# Toro Starter Repair question



## Waylon (Nov 21, 2019)

I have some old S-200, S2000, 620's etc and most of the electric starters don't kick the motor over. They spin but don't engage the engine. I have determined the bad part is a rubber o-ring on the starter which sits behind the pinion gear. Problem is no sites seem to have it, most list the part as discontinued with no plans to replace. 

The part number is 25-3400 Rubber Ring. Kind of crazy they would stop making them without a replacement considering how many of these are out there.

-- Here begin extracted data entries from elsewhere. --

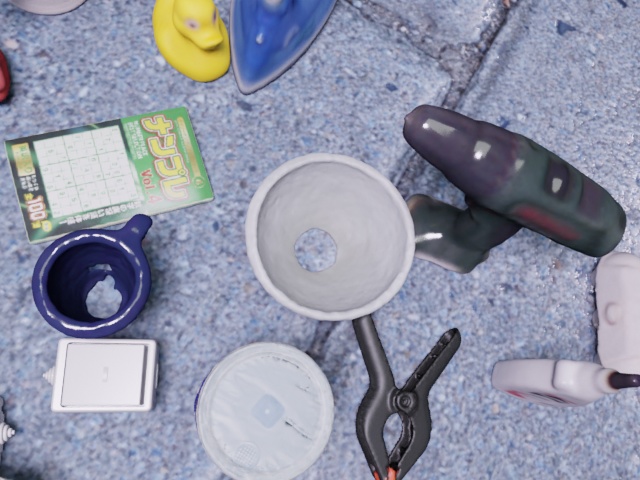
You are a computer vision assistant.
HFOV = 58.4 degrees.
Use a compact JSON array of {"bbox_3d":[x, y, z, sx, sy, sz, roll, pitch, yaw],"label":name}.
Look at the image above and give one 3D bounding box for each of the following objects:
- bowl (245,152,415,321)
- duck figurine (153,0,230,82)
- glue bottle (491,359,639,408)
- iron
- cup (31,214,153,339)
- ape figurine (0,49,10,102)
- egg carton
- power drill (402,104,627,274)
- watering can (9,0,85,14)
[{"bbox_3d":[0.005,0.002,0.573,0.168,0.074,0.167,4,75,-13],"label":"bowl"},{"bbox_3d":[-0.133,-0.228,0.595,0.078,0.086,0.104,-30,84,-19],"label":"duck figurine"},{"bbox_3d":[0.237,0.134,0.543,0.078,0.173,0.037,17,72,-9],"label":"glue bottle"},{"bbox_3d":[-0.029,-0.293,0.608,0.119,0.141,0.258,20,72,-8],"label":"iron"},{"bbox_3d":[-0.187,0.033,0.507,0.092,0.095,0.118,33,70,-3],"label":"cup"},{"bbox_3d":[-0.328,-0.165,0.526,0.078,0.092,0.076,32,70,-4],"label":"ape figurine"},{"bbox_3d":[0.357,0.088,0.640,0.107,0.069,0.150,8,74,-12],"label":"egg carton"},{"bbox_3d":[0.153,-0.034,0.548,0.230,0.208,0.076,19,72,-8],"label":"power drill"},{"bbox_3d":[-0.273,-0.300,0.522,0.101,0.194,0.173,1,75,-13],"label":"watering can"}]
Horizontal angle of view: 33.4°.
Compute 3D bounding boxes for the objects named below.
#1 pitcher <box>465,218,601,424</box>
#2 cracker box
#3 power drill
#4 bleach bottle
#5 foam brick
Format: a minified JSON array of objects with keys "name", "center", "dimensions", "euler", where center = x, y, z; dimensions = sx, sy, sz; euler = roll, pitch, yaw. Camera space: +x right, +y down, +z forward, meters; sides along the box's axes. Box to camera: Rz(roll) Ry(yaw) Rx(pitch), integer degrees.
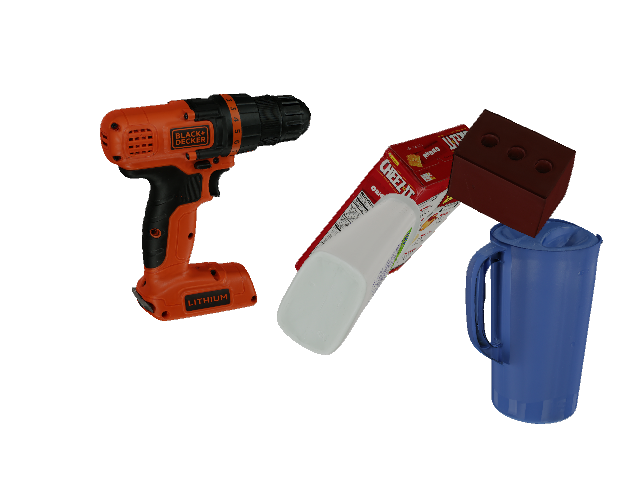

Has anyone figured a fix for this?

I do have a local Toro dealer which I will try tomorrow.

Thanks!


----------



## 2.137269 (Nov 15, 2019)

sorry but NLA is NLA meaning the machine is to old for toro or company to worry about, starter wise good luck maybe ebay can help with a NOS one
edit found one but it;s a super ouch for a NOS $43.03 

https://www.amazon.com/Toro-Rubber-Ring-Part-25-3400/dp/B00TD9BM1K


----------



## toromike (Aug 20, 2018)

This seems too good to be true, $3.80, in stock
give them a call
https://www.mowpart.com/25-3400-toro-rubber-ring.html


----------



## Waylon (Nov 21, 2019)

Thanks guys! I saw the same $43 rubber washer and almost fell out of my chair. ToroMike - I did try to buy from that exact site but the eCommerce was horrible and gave me errors every step of the way.


----------



## Grunt (Nov 11, 2013)

Don't know the dimensions, looks like a water hose washer.


----------